What is being challenged is nothing less than the most basic premise of the politics of the centre ground: that you can have free market economics and a democratic socialist welfare system at the same time. The magic formula in which the wealth produced by the market economy is redistributed by the state – from those who produce it to those whom the government believes deserve it – has gone bust. The crash of 2008 exposed a devastating truth that went much deeper than the discovery of a generation of delinquent bankers, or a transitory property bubble. It has become apparent to anyone with a grip on economic reality that free markets simply cannot produce enough wealth to support the sort of universal entitlement programmes which the populations of democratic countries have been led to expect. The fantasy may be sustained for a while by the relentless production of phoney money to fund benefits and job-creation projects, until the economy is turned into a meaningless internal recycling mechanism in the style of the old Soviet Union.
Or else democratically elected governments can be replaced by puppet austerity regimes which are free to ignore the protests of the populace when they are deprived of their promised entitlements. You can, in other words, decide to debauch the currency which underwrites the market economy, or you can dispense with democracy. Both of these possible solutions are currently being tried in the European Union, whose leaders are reduced to talking sinister gibberish in order to evade the obvious conclusion: the myth of a democratic socialist society funded by capitalism is finished. This is the defining political problem of the early 21st century.
As the Democratic Convention gets under way in Charlotte, this is the key question, one which will not get a proper answer there and got a more fulfilling (but not entirely) one at the Republican gathering last week.
Most liberals believe that we have a “moral” obligation to create and finance an extensive social net. Partly because of upbringing and partly because of the 1960’s, I’m soured on the concept of “liberal morality”. That being so, the key problem here is this: there can be no welfare state of any kind without a productive sector supporting it. If you kill the productive sector through disincentives such as high taxation and unreasonable regulation, the social net will become unaffordable and go with it. That’s what’s being faced on both sides of the Atlantic.
In the days of the New Deal and the Beveridge Commission, expectations were relatively low, demographics for a productive workforce were stronger and politicians were practical enough to understand that a balance had to be struck. (Well, most of the time…) So the social nets started out as affordable. Now we have electorates with unrealistic expectations and more elderly demographics, and between the two we have passed the critical point of affordability. Thus the entire social model in the West is in serious trouble.
One time I read an interview with Willem Drees, the architect of the Dutch social net. He said that the social welfare system was set up for those who really needed help and not just to put every high school drop-out on the dole. In the years after World War II the Dutch managed to put together a booming economy and a social safety net in this way:
Drees was closely tied to the years in which the Netherlands was recovering from World War II. The economy had to be kick-started and everyone had to lend a hand. The emphasis was placed on cooperation rather than conflict. Employees agreed to low wages to achieve a competitive position for the Netherlands in respect of other countries. This meant that most people had to postpone buying a car or a television set. In politics, cooperation was the top priority, even though polarisation was ingrained in Dutch society during those years and most of the Dutch lived their lives within their own small social circle. Catholic boys joined a Catholic football club, socialists joined a socialist hiking association.

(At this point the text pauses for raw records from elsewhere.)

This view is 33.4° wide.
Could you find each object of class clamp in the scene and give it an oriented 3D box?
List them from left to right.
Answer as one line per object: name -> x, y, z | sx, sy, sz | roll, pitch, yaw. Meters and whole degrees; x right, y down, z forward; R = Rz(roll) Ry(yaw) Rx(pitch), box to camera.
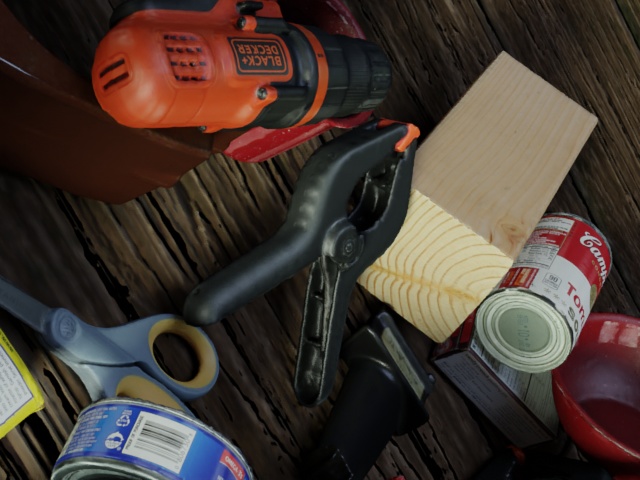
clamp -> -0.004, 0.001, 0.589 | 0.120, 0.039, 0.171 | 32, 79, -50
clamp -> 0.134, 0.169, 0.653 | 0.164, 0.210, 0.036 | -8, 95, -8

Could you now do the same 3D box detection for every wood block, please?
wood block -> 0.106, -0.036, 0.731 | 0.091, 0.090, 0.205 | 37, 41, 4

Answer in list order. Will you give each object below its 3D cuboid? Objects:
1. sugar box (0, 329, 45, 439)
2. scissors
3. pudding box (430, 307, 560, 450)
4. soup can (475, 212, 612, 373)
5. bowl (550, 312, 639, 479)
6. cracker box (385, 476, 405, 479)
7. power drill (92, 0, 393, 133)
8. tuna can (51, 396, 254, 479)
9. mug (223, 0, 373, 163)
sugar box -> -0.192, 0.076, 0.389 | 0.093, 0.048, 0.176 | 58, 43, -11
scissors -> -0.112, 0.036, 0.516 | 0.201, 0.016, 0.096 | 54, 37, -22
pudding box -> 0.133, 0.083, 0.767 | 0.113, 0.039, 0.090 | 45, 44, -22
soup can -> 0.153, 0.035, 0.728 | 0.068, 0.069, 0.102 | 56, 41, -13
bowl -> 0.224, 0.122, 0.742 | 0.162, 0.055, 0.162 | 13, 33, -9
cracker box -> 0.030, 0.241, 0.470 | 0.164, 0.072, 0.214 | -34, 85, -28
power drill -> -0.046, -0.143, 0.517 | 0.184, 0.057, 0.188 | -10, 80, -51
tuna can -> -0.075, 0.109, 0.475 | 0.086, 0.086, 0.033 | 45, 45, -26
mug -> -0.026, -0.107, 0.638 | 0.093, 0.082, 0.117 | 22, 57, -42

Drees himself was personally thrifty and austere, and that was reflected in his policies. Today’s Boomers are anything but, which is why they’ve spent their way through the last decade and into this one.
The Christian Church had the same issues in New Testament times. It rose to the occasion and created its own safety net in a society which tended to throw away people (literally, in the case of exposure.) So a balance had to be struck here as well:
For you know well that you ought to follow our example. When we were with you, our life was not ill-ordered, Nor did we eat any one’s bread without paying for it. Night and day, labouring and toiling, we used to work at our trades, so as not to be a burden upon any of you. This was not because we had not a right to receive support, but our object was to give you a pattern for you to copy. Indeed, when we were with you, what we urged upon you was– ‘If a man does not choose to work, then he shall not eat.’ We hear that there are among you people who are living ill- ordered lives, and who, instead of attending to their own business, are mere busy-bodies. All such people we urge, and entreat, in the name of the Lord Jesus Christ, to attend quietly to their business, and earn their own living. (2 Thessalonians 3:7-12)
How we plan to discuss this need for sense in a political system lacking in it remains to be seen. But papering over the productivity issue–which we will see a lot of in Charlotte this week–isn’t the answer.